In a similar way, a robot could learn the affective meaning of emotive expressions signaled through another person’s facial expressions and body language. We have based our robot’s affective system on computational models of infant-inspired emotions. In humans, emotions are centrally involved in appraising environmental and internal events that are significant to the needs and goals of a creature. The robotic implementation includes a simple appraisal process based on Damasio’s theory of somatic markers that tags the robot’s incoming perceptual and internal states with affective information, such as valence (positive or negative), arousal (high or low), and whether or not something is novel.

For the robot, certain kinds of stimui, such as pleasing or soothing tones of speech, have hardwired affective appraisals with respect to arousal and valence. This computational model is based on the developmental findings of Fernald (1989) which showed that certain prosodic contours are indicative of different affective intents in infant-directed speech. We found that even simple acoustic features, such as pitch mean and energy variance, can be used by the robot to classify the affective prosody of an utterance along valence and arousal dimension.

The tasks that couple these heterogeneous processes and in so doing drives developmental change is the face-to-face interactions (and imitations) described in the previous section. Via dual body-affect pathways, when the robot imitates the emotive facial expressions of others, it evokes the corresponding affective state (in terms of arousal and valence variables) that would ordinarily give rise to the same expression during an emotive response. This is reinforced by affective information coming from the person’s speech signal. These time-locked multi-modal states occur because of the similarity in bodies and body-affect mappings, and they enable the robot to learn to associate its internal affective state with the corresponding observed expression. Thus, through this “empathic” or direct experiential approach to social understand
ing, the robot uses its own cognitive and affective mechanisms as a simulator for inferring the human’s affective state as conveyed through behavior.

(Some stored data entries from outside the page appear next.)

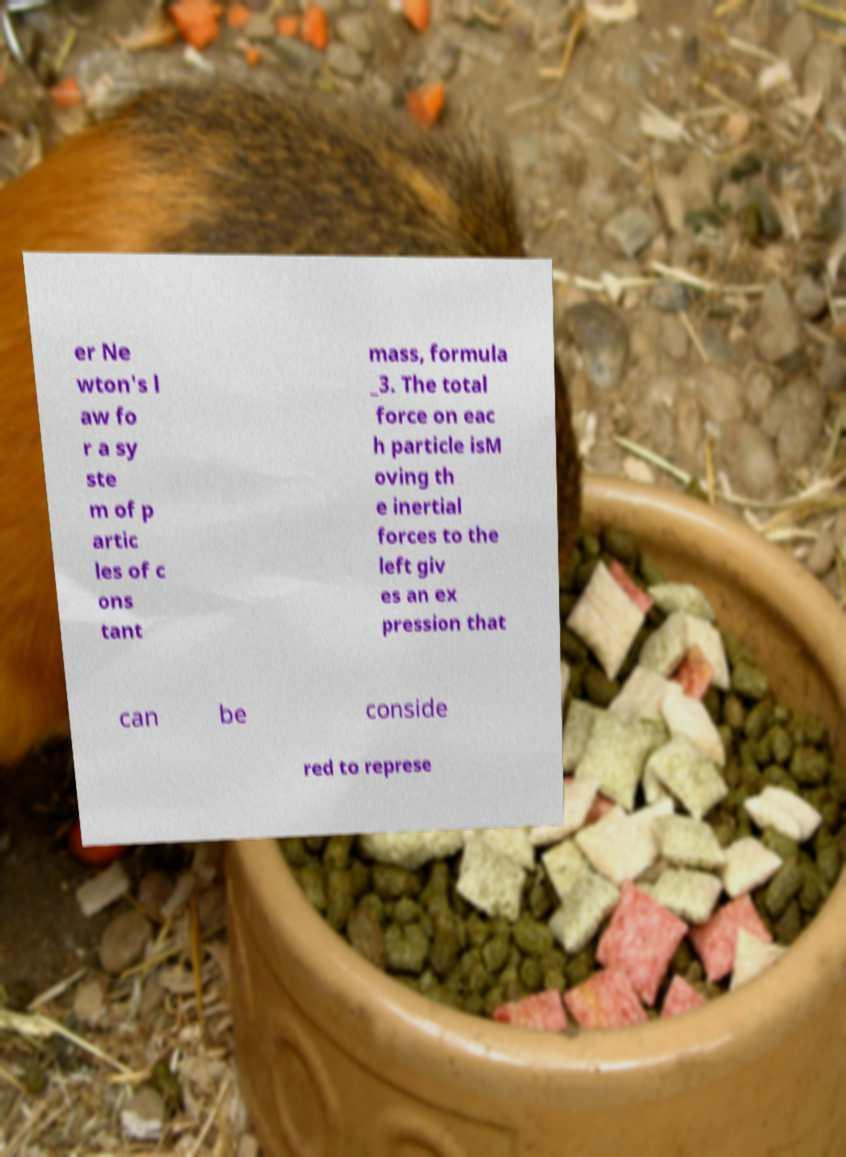There's text embedded in this image that I need extracted. Can you transcribe it verbatim? er Ne wton's l aw fo r a sy ste m of p artic les of c ons tant mass, formula _3. The total force on eac h particle isM oving th e inertial forces to the left giv es an ex pression that can be conside red to represe 
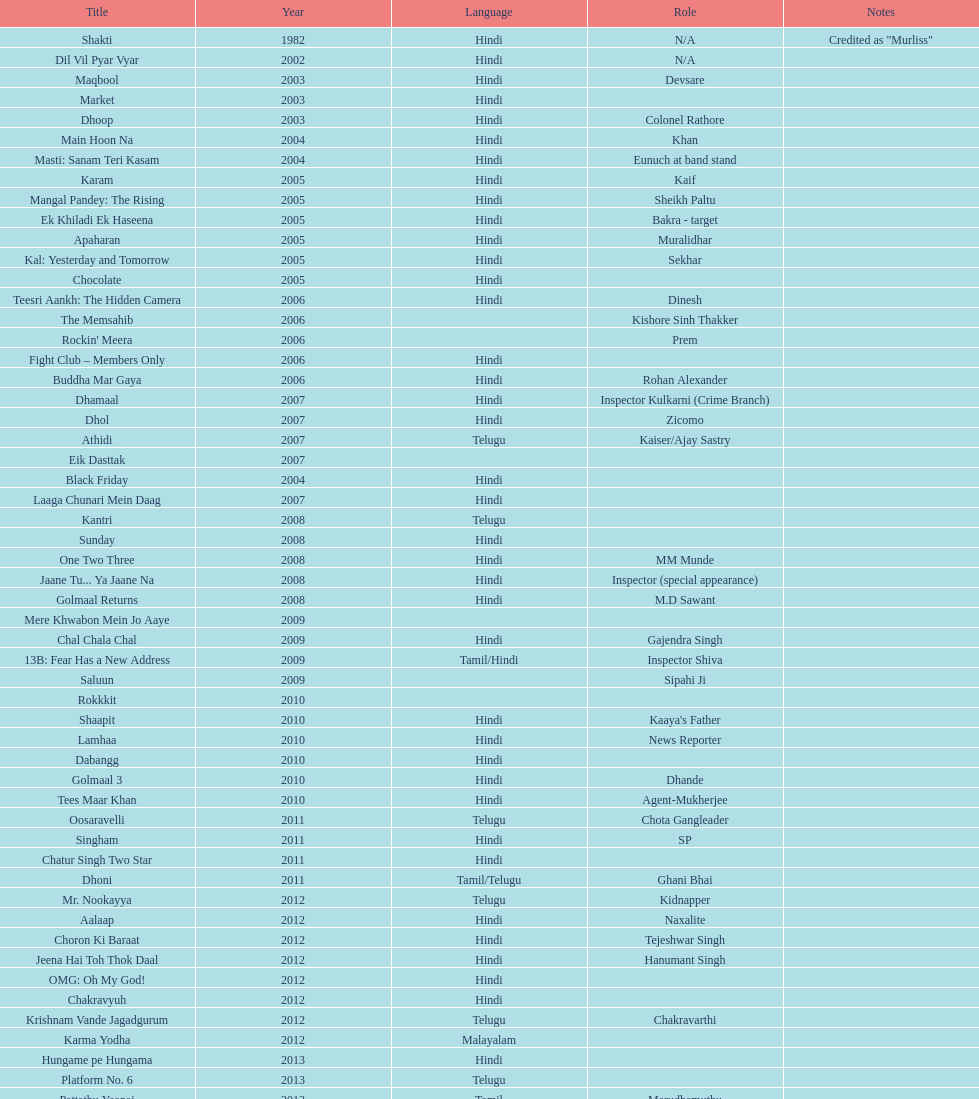How many parts has this actor played? 36. 
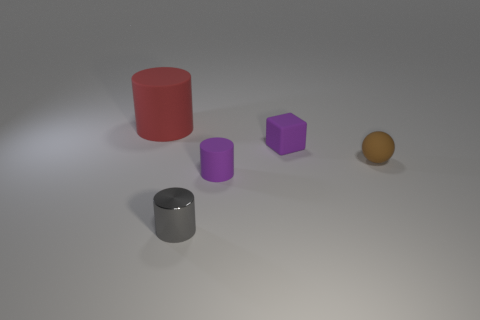Add 3 cyan shiny cylinders. How many objects exist? 8 Subtract all cylinders. How many objects are left? 2 Add 5 rubber blocks. How many rubber blocks exist? 6 Subtract 0 gray blocks. How many objects are left? 5 Subtract all big red things. Subtract all big objects. How many objects are left? 3 Add 2 purple blocks. How many purple blocks are left? 3

This is one example of our approach of endowing our robot with social understanding – and how it arises from heterogeneous processes that are time-locked in a shared task with bodily and mentally like others.


L. Smith and C. Breazeal (2007). “The Dynamic Life of Developmental Process.” Developmental Science, 10(1), 61-68.

Deictic Object Reference

Robust joint visual attention is necessary for achieving a common frame of reference between humans and robots using multi-modal cues while working together on real-world object-based spatial tasks. In this work, we make a comprehensive examination of one component of this process that is often otherwise implemented in an ad hoc fashion: the ability to correctly determine the object referent from deictic reference including pointing gestures and speech. We develop a modular spatial reasoning framework based around decomposition and re-synthesis of speech and gesture into a language of pointing and object labeling that supports multi-modal and uni-modal access in both real-world and mixed-reality workspaces, accounts for the need to discriminate and sequence identical and proximate objects, assists in overcoming inherent precision limitations in deictic gesture, and assists in the extraction of those gestures. We have implemented our approach on two humanoid robot platforms to date: Leonardo and NASA JSC’s Robonaut.


Brooks, A. G. and Breazeal, C. (2006). “Working with Robots and Objects: Revisiting Deictic Reference for Achieving Spatial Common Ground.” In Proceeding of the 1st ACM SIGCHI/SIGART Conference on Human-Robot interaction (Salt Lake City, Utah, USA, March 02 – 03, 2006). HRI ’06. ACM Press, New York, NY, 297-304.